When it comes to looking into bottleneck and improvement opportunities in the engineering velocity area, I use a four-buckets model, in terms of how long a task takes:
- Instant. This is something that only takes a few seconds to half a minute. Tasks like running a small set of unit tests, compiling a sub-folder or do a “git pull” for the first time in the last several days are in this bucket. While waiting for such tasks to finish, I don’t leave my desk. I would catch up on some quick conversations on IM, take a peek on my cellphone or reply an email while waiting.
- Coffee break. A coffee break task takes a few minutes, such as apply my private bits to a one-box test instance, run a large set of unit tests, etc.. Some time I go for a coffee or use restroom when such tasks are running.
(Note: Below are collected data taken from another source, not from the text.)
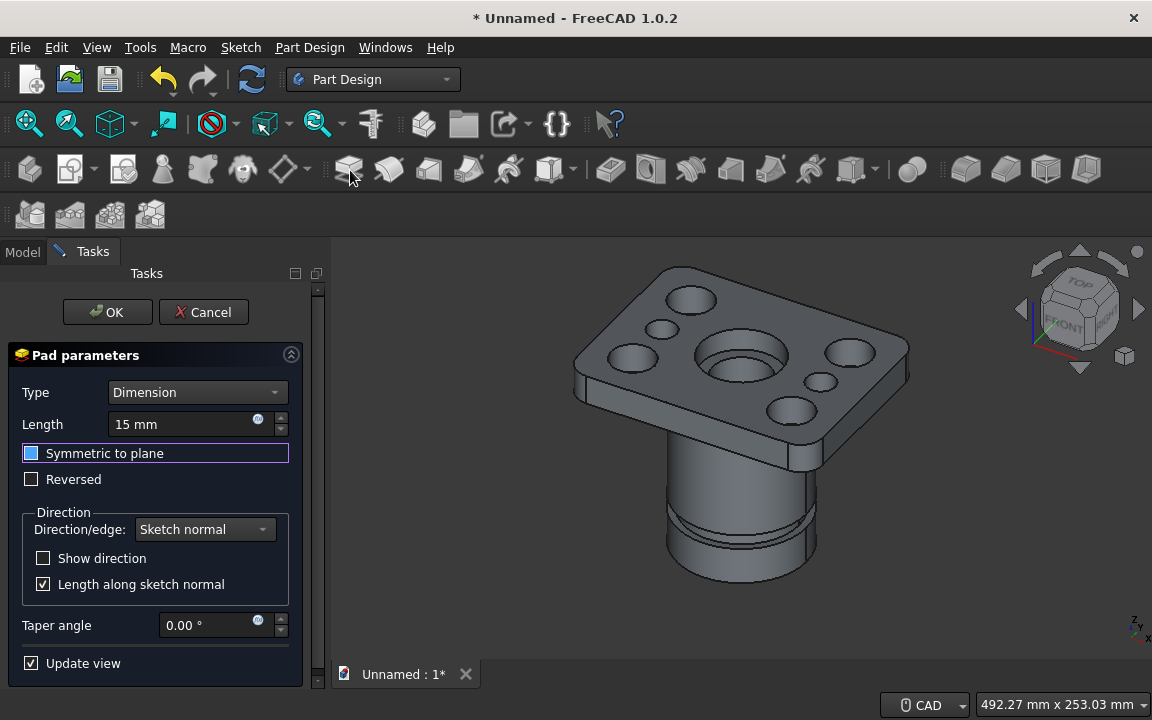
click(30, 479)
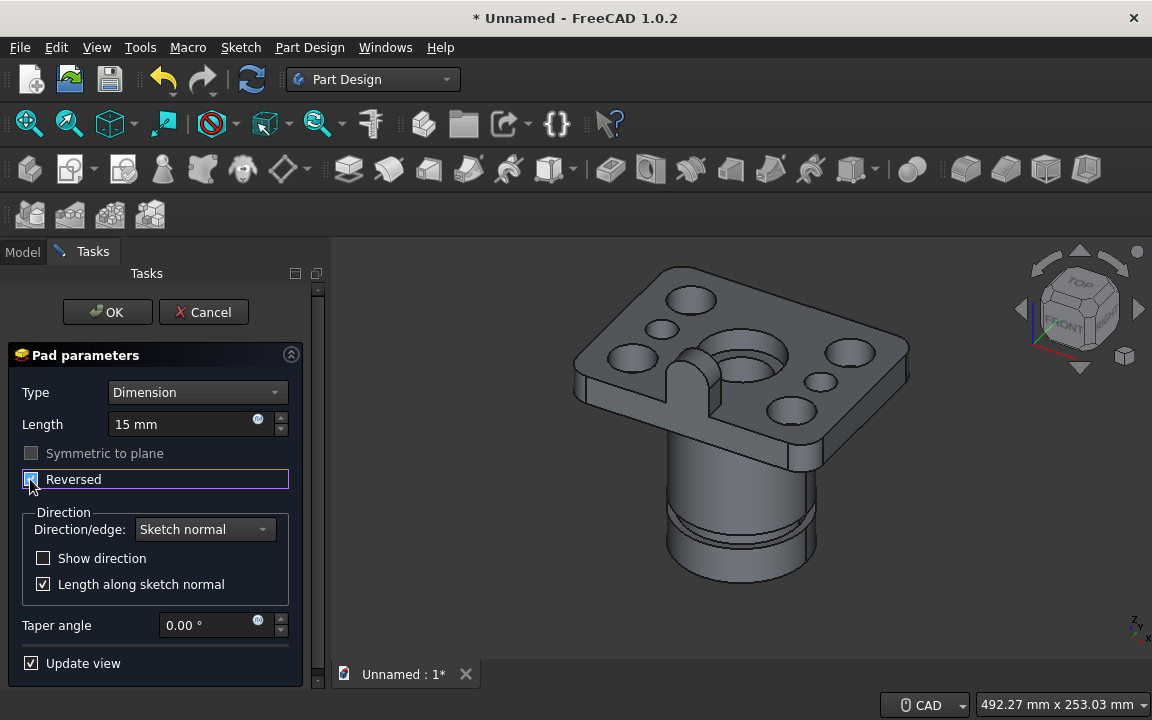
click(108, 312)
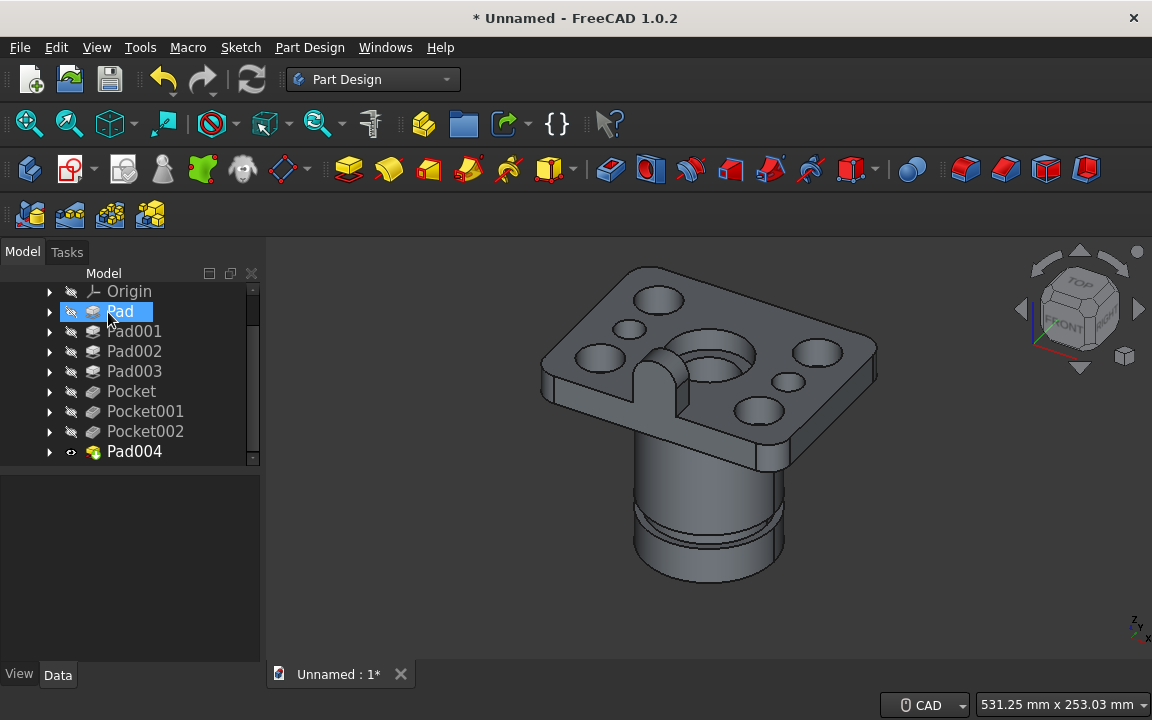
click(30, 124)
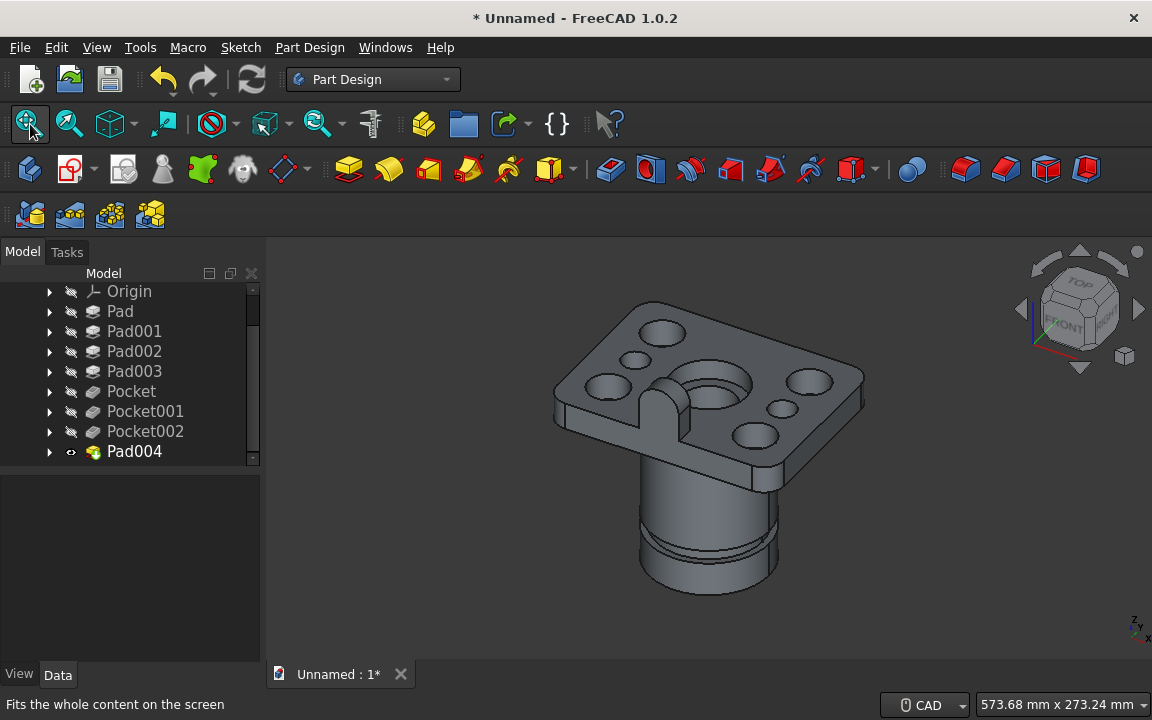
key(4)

- Lunch break. When a task takes longer time, such as half an hour or 1+ hour, I will grab a lunch while it’s running. Sometime I start the task when I leave office to pick up my boy and check the result when I get home.
- Overnight. Such task takes quite a few hours, or up to about half day. So we have to run them overnight: usually start at the night, go to sleep and check the result when we wake up in the next morning. If it’s started in the morning, we probably are not going to see the outcome until the evening.
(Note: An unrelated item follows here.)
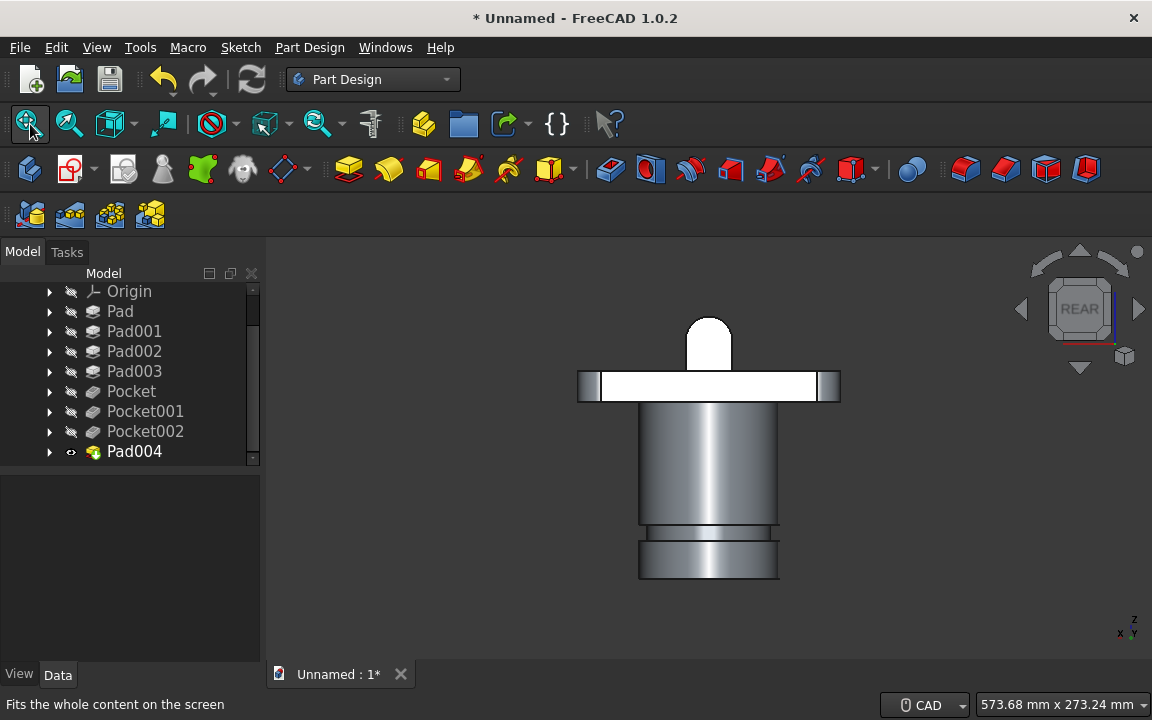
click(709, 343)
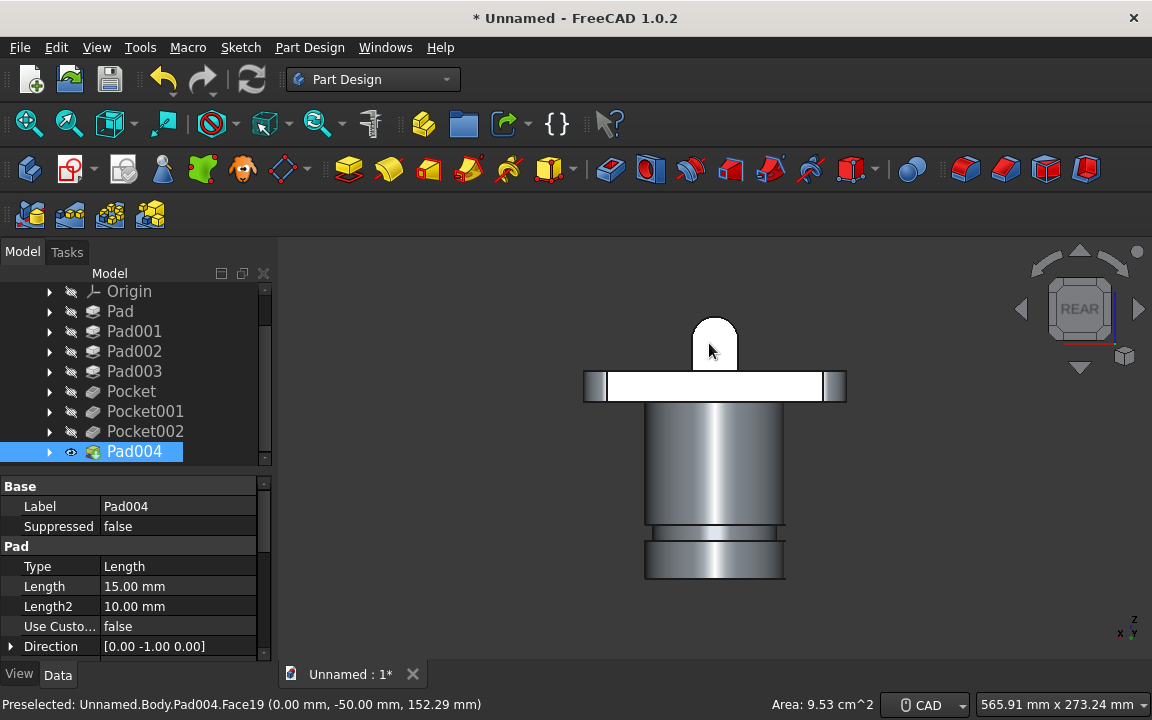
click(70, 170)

Over the years, I have learned a few things in this four-buckets model:
- A task’s duration will slowly deteriorate within the same bucket without being noticed, until it’s about to fall into the next bucket. For example, the build time of a code base may be 10 minutes in the beginning, which put it in the coffee break bucket. It can get slower over the course of the next several months, become 15 minutes, 20 minutes, …, as more code are added. Few will notice it, or be serious about it, until the build time gets close to half an hour, which is no longer a coffee break task, but a lunch break task. People feel more motivated/obligated to fix things to keep a task remain in the current bucket, than prevent it slowly deteriorating within the same bucket.
- For maximum effect, when we make engineering investments in shortening a task’s duration, we should aim to move it into the next shorter bucket. Incremental improvements within the same bucket will have less impact on engineering velocity. For example, if an overnight task is shortened from 12 hours to 6 hours, it’s still an overnight task. But if it can be further shortened to 3 hours, that will transform the work style in the team: the team will be able to run the task multiple times during the day. It will dramatically change the pace of the team.
- Incremental improvements within the same bucket are less likely to sustain, due to the first observation mentioned above. It’s going to be like Sisyphus rolling the stone uphill. Unless the stone is rolled over the hill, it will go back down to where it started. To avoid such regression and frustration, our investment should be sufficient to move the task into the next shorter bucket, or don’t make the investment and put the time/money/energy somewhere else.
- There is a big difference between the “Instant” bucket vs. the next two, the coffee break tasks and the lunch break tasks: whether I have a context switch. For the tasks in the instant task bucket, there is no or little context switch. I don’t leave my desk. I remember what I wanted to do. I’m not multi-tasking. Once the task becomes longer and gets into the coffee break bucket, my productivity is one notch down. I have context switch. I have to do multi-tasking. We should try really hard to prevent the tasks in the “Instant” bucket from getting slower and dropping into the coffee break bucket, to save context switch and multi tasking.
- Similar to the previous point, there is also a big difference between the coffee/lunch break bucket vs. the overnight bucket. On the tasks in the overnight bucket, I do worse than context switch. I sleep. It’s like close the lid of a laptop. It definitely takes much longer time and more effort to get the full context back after a sleep, than after a lunch break. We should try really hard to prevent any task slipping into the overnight bucket. It’s about whether it’s same day or not. Same day matters a lot, especially psychologically: in the past, we didn’t really feel the difference between Prime’s two-days shipping vs. the normal 3-5 days shipping; but when Prime has the same-day shipping, it feels substantially different.
Actually, there is a fifth bucket: “over the weekend”. Such task takes more than a day to run. I didn’t include it in my four-buckets model because if an engineering team ever has one or more critical tasks in the over-the-weekend bucket, they are seriously sick. They are deep in debt (engineering debt) and they should stop doing anything else and fix that problem first, to at least move it into the overnight bucket. In a healthy engineering team, all the tasks can be done over a lunch break or sooner. Everything is same day. There is no overnight task. That’s the turnaround time required to deliver innovations and customer values in the modern world.
 Just being exaggerate to highlight the point.
 With reasonable exceptions, such as some long-haul tests. Though many long-haul tests that I have seen could be replaced by shorter tests with certain testability designs.